* _Instructions for the task_
Write out the data below in full, unchanged, minus the images.

(Collected data entries)

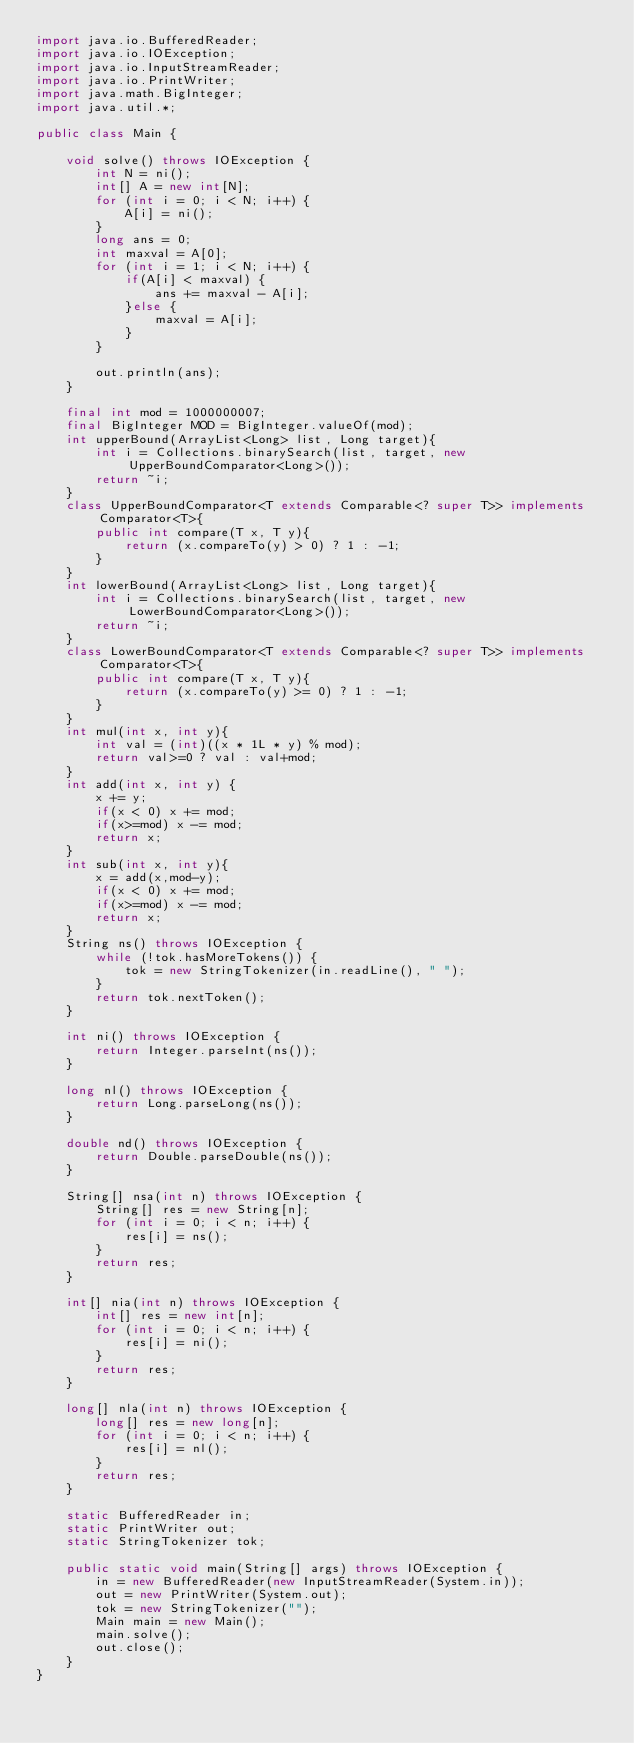<code> <loc_0><loc_0><loc_500><loc_500><_Java_>import java.io.BufferedReader;
import java.io.IOException;
import java.io.InputStreamReader;
import java.io.PrintWriter;
import java.math.BigInteger;
import java.util.*;
 
public class Main {
 
    void solve() throws IOException {
        int N = ni();
        int[] A = new int[N];
        for (int i = 0; i < N; i++) {
            A[i] = ni();
        }
        long ans = 0;
        int maxval = A[0];
        for (int i = 1; i < N; i++) {
            if(A[i] < maxval) {
                ans += maxval - A[i];
            }else {
                maxval = A[i];
            }
        }
 
        out.println(ans);
    }

    final int mod = 1000000007;
    final BigInteger MOD = BigInteger.valueOf(mod);
    int upperBound(ArrayList<Long> list, Long target){
        int i = Collections.binarySearch(list, target, new UpperBoundComparator<Long>());
        return ~i;
    }
    class UpperBoundComparator<T extends Comparable<? super T>> implements Comparator<T>{
        public int compare(T x, T y){
            return (x.compareTo(y) > 0) ? 1 : -1;
        }
    }
    int lowerBound(ArrayList<Long> list, Long target){
        int i = Collections.binarySearch(list, target, new LowerBoundComparator<Long>());
        return ~i;
    }
    class LowerBoundComparator<T extends Comparable<? super T>> implements Comparator<T>{
        public int compare(T x, T y){
            return (x.compareTo(y) >= 0) ? 1 : -1;
        }
    }
    int mul(int x, int y){
        int val = (int)((x * 1L * y) % mod);
        return val>=0 ? val : val+mod;
    }
    int add(int x, int y) {
        x += y;
        if(x < 0) x += mod;
        if(x>=mod) x -= mod;
        return x;
    }
    int sub(int x, int y){
        x = add(x,mod-y);
        if(x < 0) x += mod;
        if(x>=mod) x -= mod;
        return x;
    }
    String ns() throws IOException {
        while (!tok.hasMoreTokens()) {
            tok = new StringTokenizer(in.readLine(), " ");
        }
        return tok.nextToken();
    }
 
    int ni() throws IOException {
        return Integer.parseInt(ns());
    }
 
    long nl() throws IOException {
        return Long.parseLong(ns());
    }
 
    double nd() throws IOException {
        return Double.parseDouble(ns());
    }
 
    String[] nsa(int n) throws IOException {
        String[] res = new String[n];
        for (int i = 0; i < n; i++) {
            res[i] = ns();
        }
        return res;
    }
 
    int[] nia(int n) throws IOException {
        int[] res = new int[n];
        for (int i = 0; i < n; i++) {
            res[i] = ni();
        }
        return res;
    }
 
    long[] nla(int n) throws IOException {
        long[] res = new long[n];
        for (int i = 0; i < n; i++) {
            res[i] = nl();
        }
        return res;
    }
 
    static BufferedReader in;
    static PrintWriter out;
    static StringTokenizer tok;
 
    public static void main(String[] args) throws IOException {
        in = new BufferedReader(new InputStreamReader(System.in));
        out = new PrintWriter(System.out);
        tok = new StringTokenizer("");
        Main main = new Main();
        main.solve();
        out.close();
    }
}</code>

* _Result of this exercise_
<code> <loc_0><loc_0><loc_500><loc_500><_Java_>import java.io.BufferedReader;
import java.io.IOException;
import java.io.InputStreamReader;
import java.io.PrintWriter;
import java.math.BigInteger;
import java.util.*;
 
public class Main {
 
    void solve() throws IOException {
        int N = ni();
        int[] A = new int[N];
        for (int i = 0; i < N; i++) {
            A[i] = ni();
        }
        long ans = 0;
        int maxval = A[0];
        for (int i = 1; i < N; i++) {
            if(A[i] < maxval) {
                ans += maxval - A[i];
            }else {
                maxval = A[i];
            }
        }
 
        out.println(ans);
    }

    final int mod = 1000000007;
    final BigInteger MOD = BigInteger.valueOf(mod);
    int upperBound(ArrayList<Long> list, Long target){
        int i = Collections.binarySearch(list, target, new UpperBoundComparator<Long>());
        return ~i;
    }
    class UpperBoundComparator<T extends Comparable<? super T>> implements Comparator<T>{
        public int compare(T x, T y){
            return (x.compareTo(y) > 0) ? 1 : -1;
        }
    }
    int lowerBound(ArrayList<Long> list, Long target){
        int i = Collections.binarySearch(list, target, new LowerBoundComparator<Long>());
        return ~i;
    }
    class LowerBoundComparator<T extends Comparable<? super T>> implements Comparator<T>{
        public int compare(T x, T y){
            return (x.compareTo(y) >= 0) ? 1 : -1;
        }
    }
    int mul(int x, int y){
        int val = (int)((x * 1L * y) % mod);
        return val>=0 ? val : val+mod;
    }
    int add(int x, int y) {
        x += y;
        if(x < 0) x += mod;
        if(x>=mod) x -= mod;
        return x;
    }
    int sub(int x, int y){
        x = add(x,mod-y);
        if(x < 0) x += mod;
        if(x>=mod) x -= mod;
        return x;
    }
    String ns() throws IOException {
        while (!tok.hasMoreTokens()) {
            tok = new StringTokenizer(in.readLine(), " ");
        }
        return tok.nextToken();
    }
 
    int ni() throws IOException {
        return Integer.parseInt(ns());
    }
 
    long nl() throws IOException {
        return Long.parseLong(ns());
    }
 
    double nd() throws IOException {
        return Double.parseDouble(ns());
    }
 
    String[] nsa(int n) throws IOException {
        String[] res = new String[n];
        for (int i = 0; i < n; i++) {
            res[i] = ns();
        }
        return res;
    }
 
    int[] nia(int n) throws IOException {
        int[] res = new int[n];
        for (int i = 0; i < n; i++) {
            res[i] = ni();
        }
        return res;
    }
 
    long[] nla(int n) throws IOException {
        long[] res = new long[n];
        for (int i = 0; i < n; i++) {
            res[i] = nl();
        }
        return res;
    }
 
    static BufferedReader in;
    static PrintWriter out;
    static StringTokenizer tok;
 
    public static void main(String[] args) throws IOException {
        in = new BufferedReader(new InputStreamReader(System.in));
        out = new PrintWriter(System.out);
        tok = new StringTokenizer("");
        Main main = new Main();
        main.solve();
        out.close();
    }
}</code>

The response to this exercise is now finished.